• _Input material_:
--- START ---
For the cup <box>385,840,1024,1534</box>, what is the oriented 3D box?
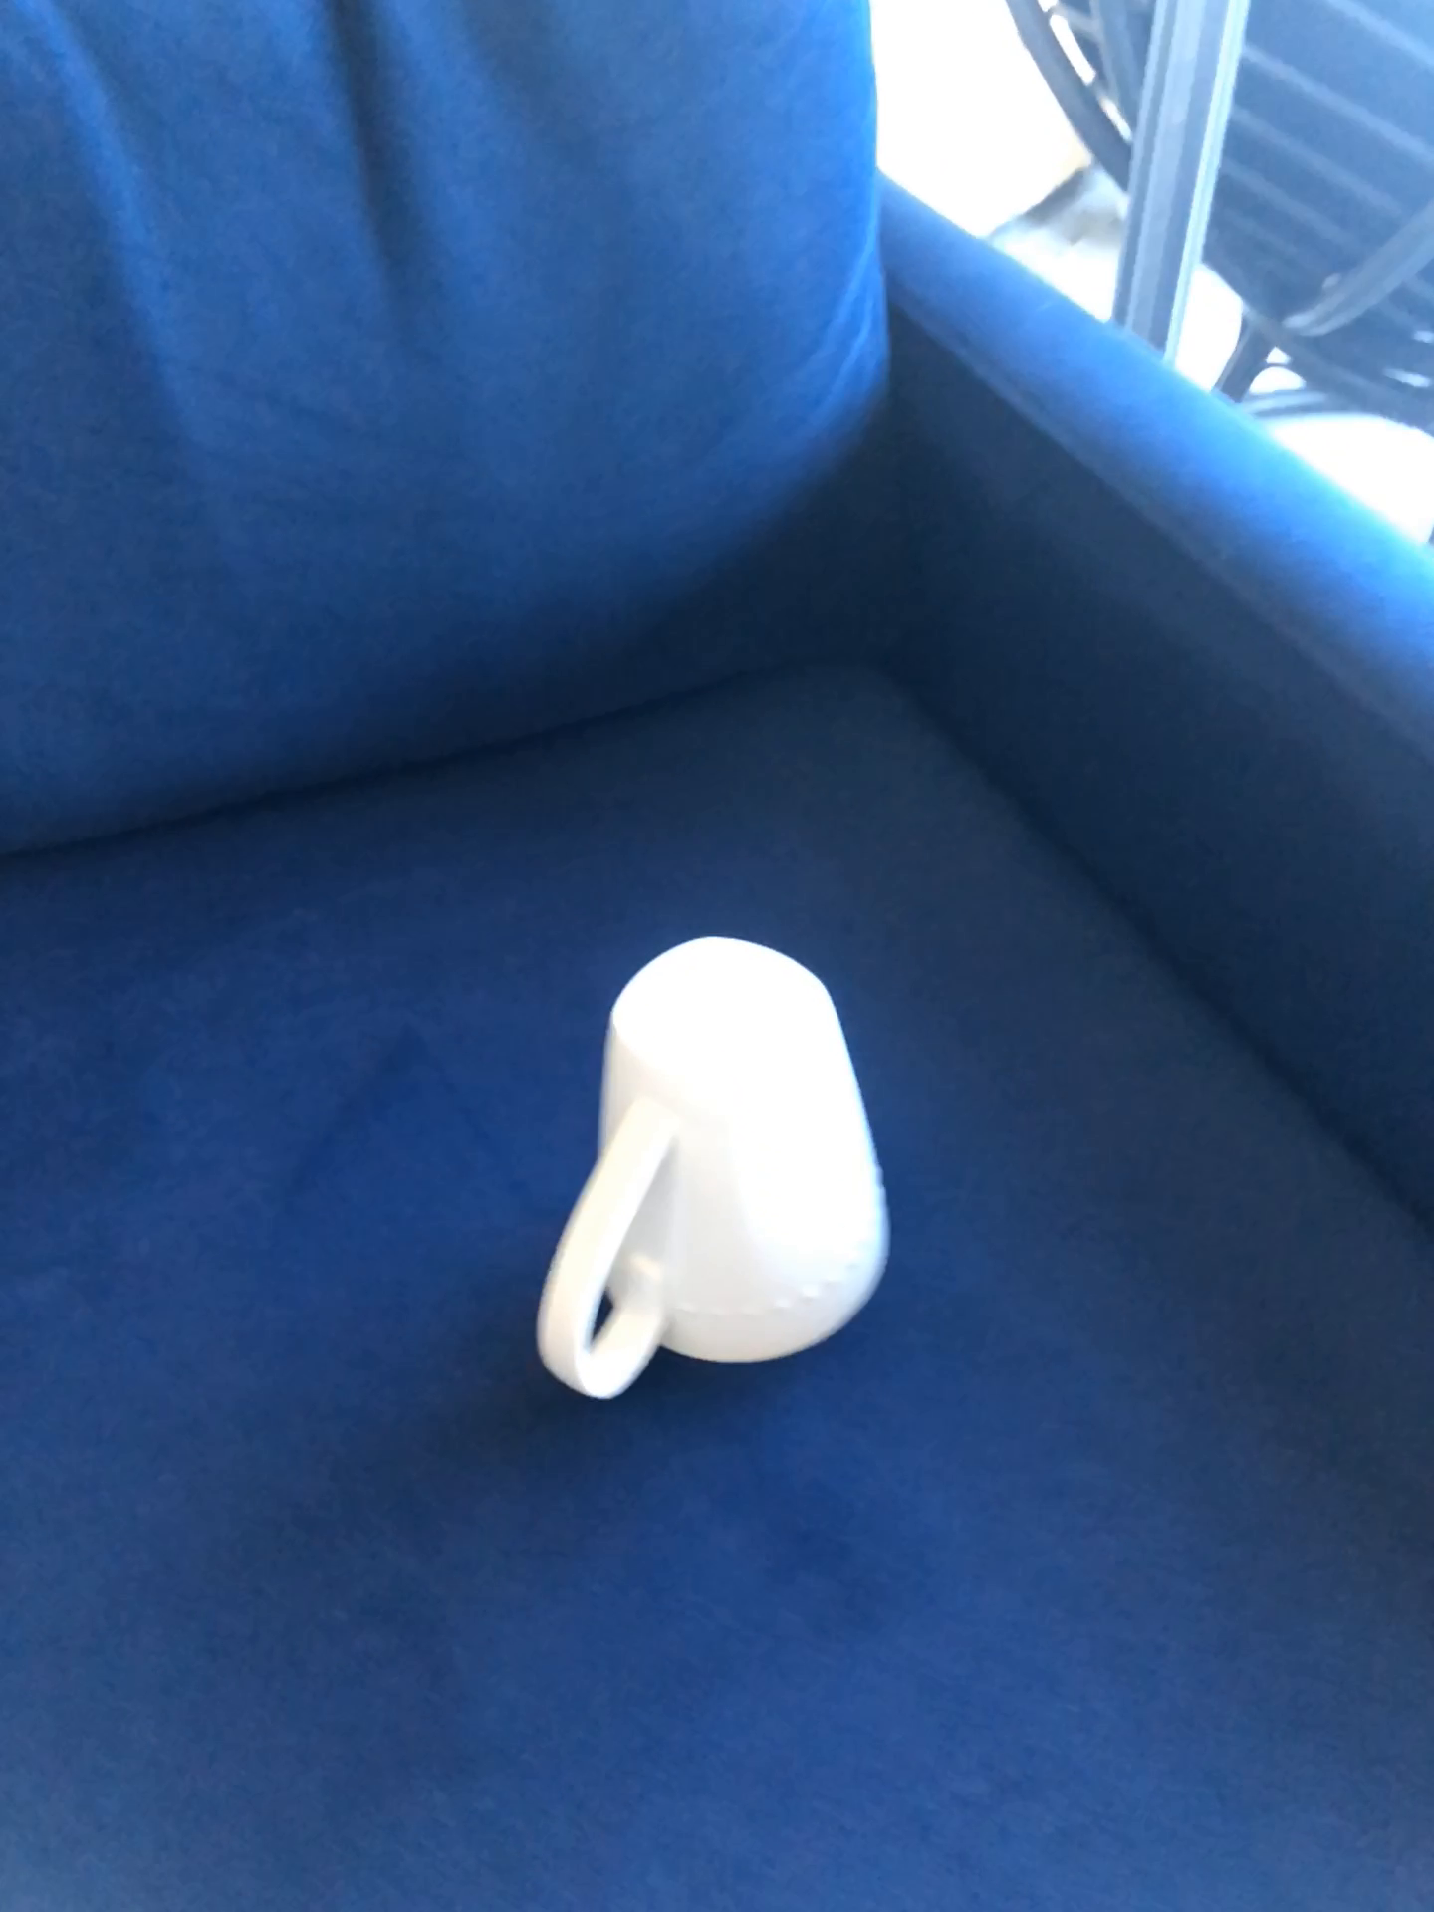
[{"bbox_3d":[0.002,0.060,0.469,0.110,0.090,0.150,25,50,25],"label":"cup"}]
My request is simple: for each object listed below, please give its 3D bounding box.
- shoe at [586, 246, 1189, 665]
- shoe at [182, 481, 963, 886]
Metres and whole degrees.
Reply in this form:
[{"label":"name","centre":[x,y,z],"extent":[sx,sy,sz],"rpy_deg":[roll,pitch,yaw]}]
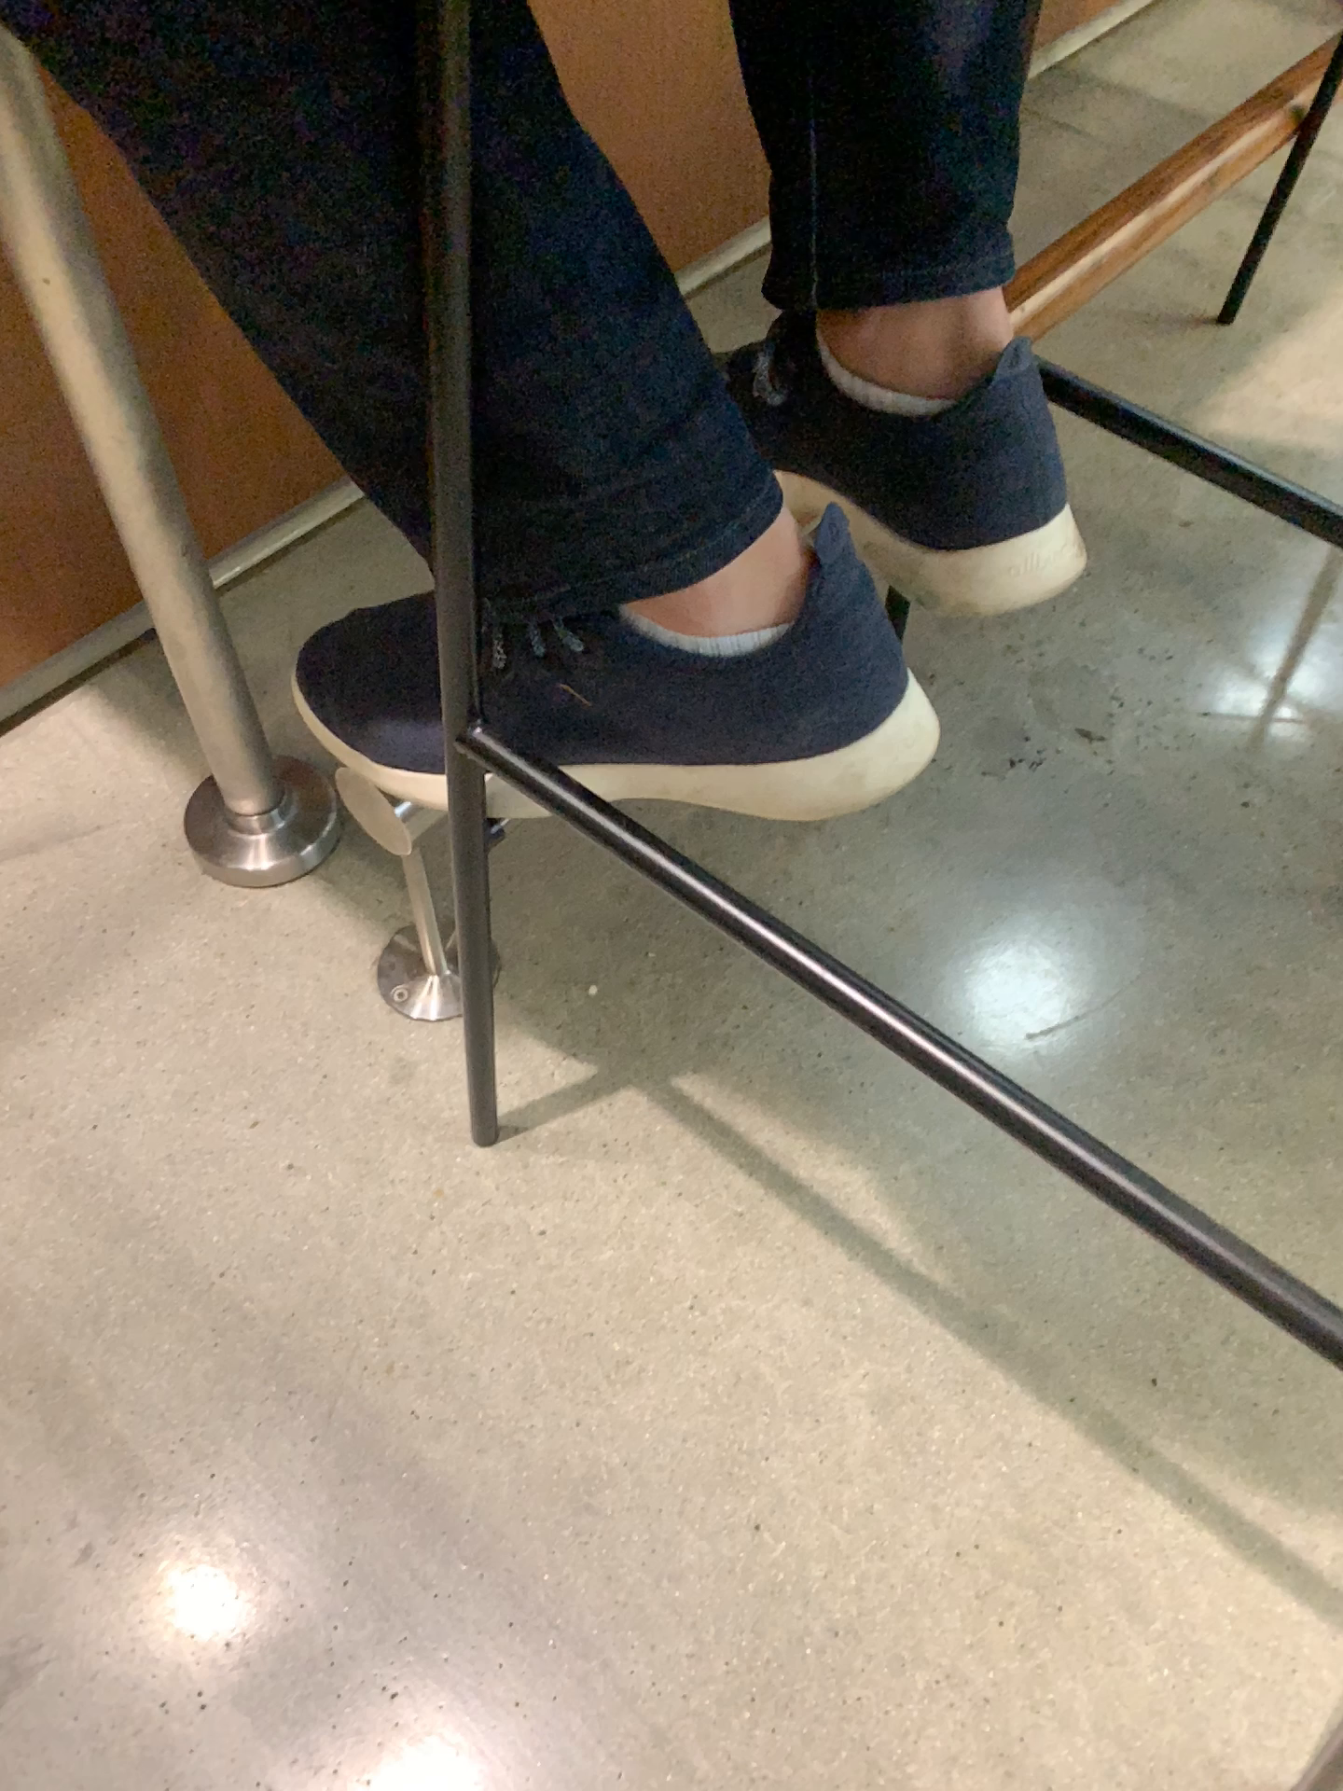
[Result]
[{"label":"shoe","centre":[0.093,-0.241,0.706],"extent":[0.129,0.093,0.301],"rpy_deg":[-25,45,-24]},{"label":"shoe","centre":[-0.038,-0.100,0.592],"extent":[0.299,0.093,0.124],"rpy_deg":[8,48,21]}]
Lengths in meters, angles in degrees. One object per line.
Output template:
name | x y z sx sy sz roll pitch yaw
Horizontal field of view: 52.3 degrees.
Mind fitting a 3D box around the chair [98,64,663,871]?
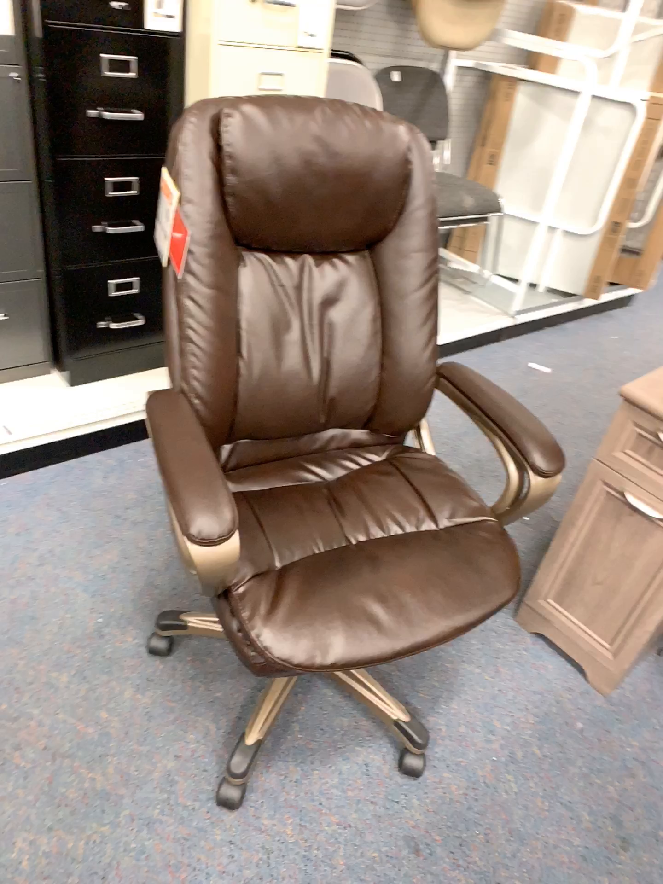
chair | 0.005 0.022 1.293 0.725 1.112 0.815 -6 39 -24
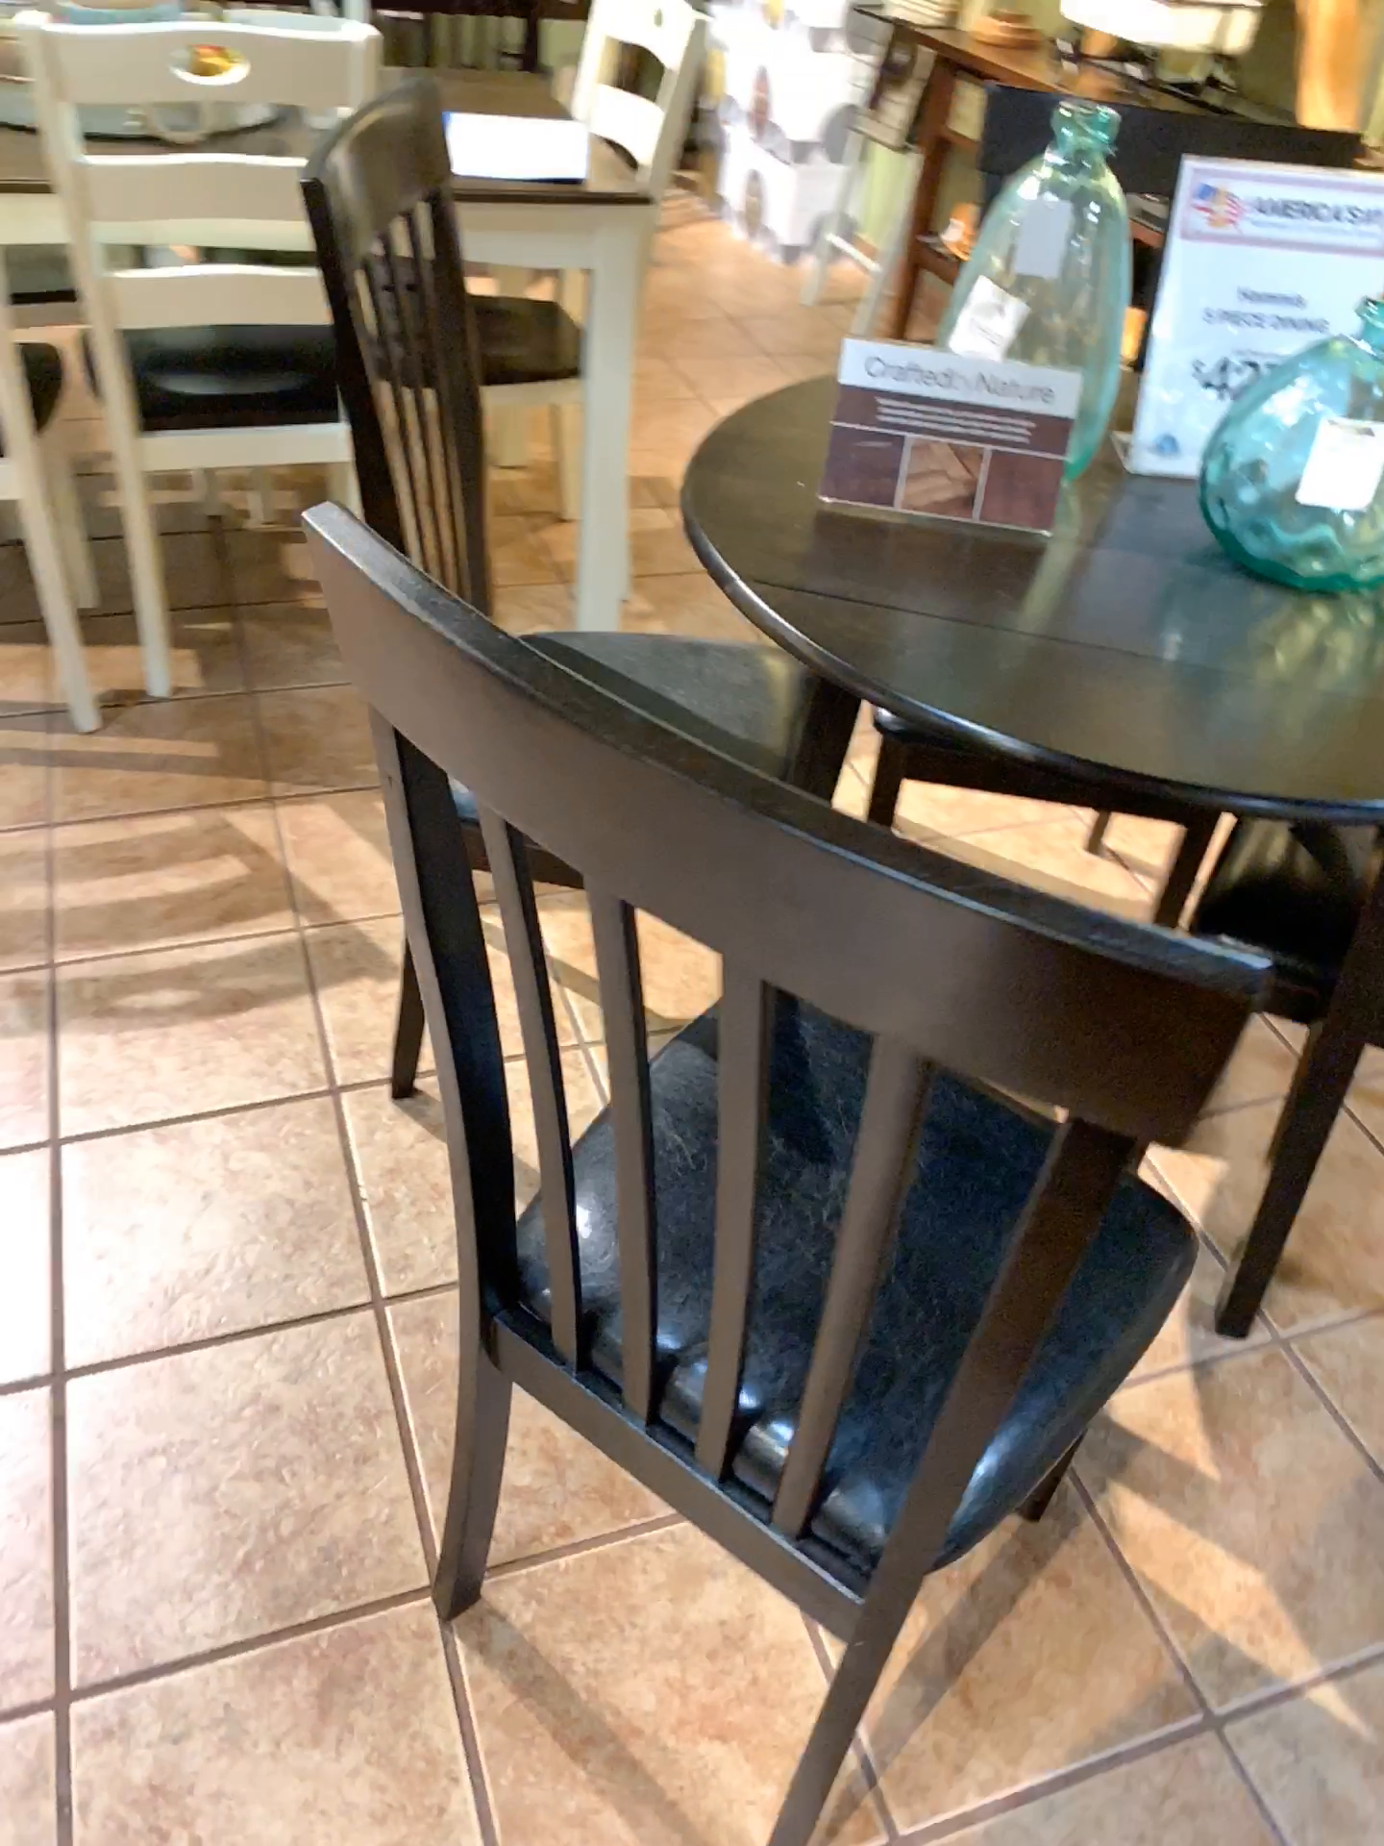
--- END ---
Only the records, copied exactly and free of pictures, belong in the answer.

For the cup <box>385,840,1024,1534</box>, what is the oriented 3D box?
[{"bbox_3d":[0.002,0.060,0.469,0.110,0.090,0.150,25,50,25],"label":"cup"}]
My request is simple: for each object listed below, please give its 3D bounding box.
- shoe at [586, 246, 1189, 665]
- shoe at [182, 481, 963, 886]
Metres and whole degrees.
Reply in this form:
[{"label":"name","centre":[x,y,z],"extent":[sx,sy,sz],"rpy_deg":[roll,pitch,yaw]}]
[Result]
[{"label":"shoe","centre":[0.093,-0.241,0.706],"extent":[0.129,0.093,0.301],"rpy_deg":[-25,45,-24]},{"label":"shoe","centre":[-0.038,-0.100,0.592],"extent":[0.299,0.093,0.124],"rpy_deg":[8,48,21]}]
Lengths in meters, angles in degrees. One object per line.
Output template:
name | x y z sx sy sz roll pitch yaw
Horizontal field of view: 52.3 degrees.
Mind fitting a 3D box around the chair [98,64,663,871]?
chair | 0.005 0.022 1.293 0.725 1.112 0.815 -6 39 -24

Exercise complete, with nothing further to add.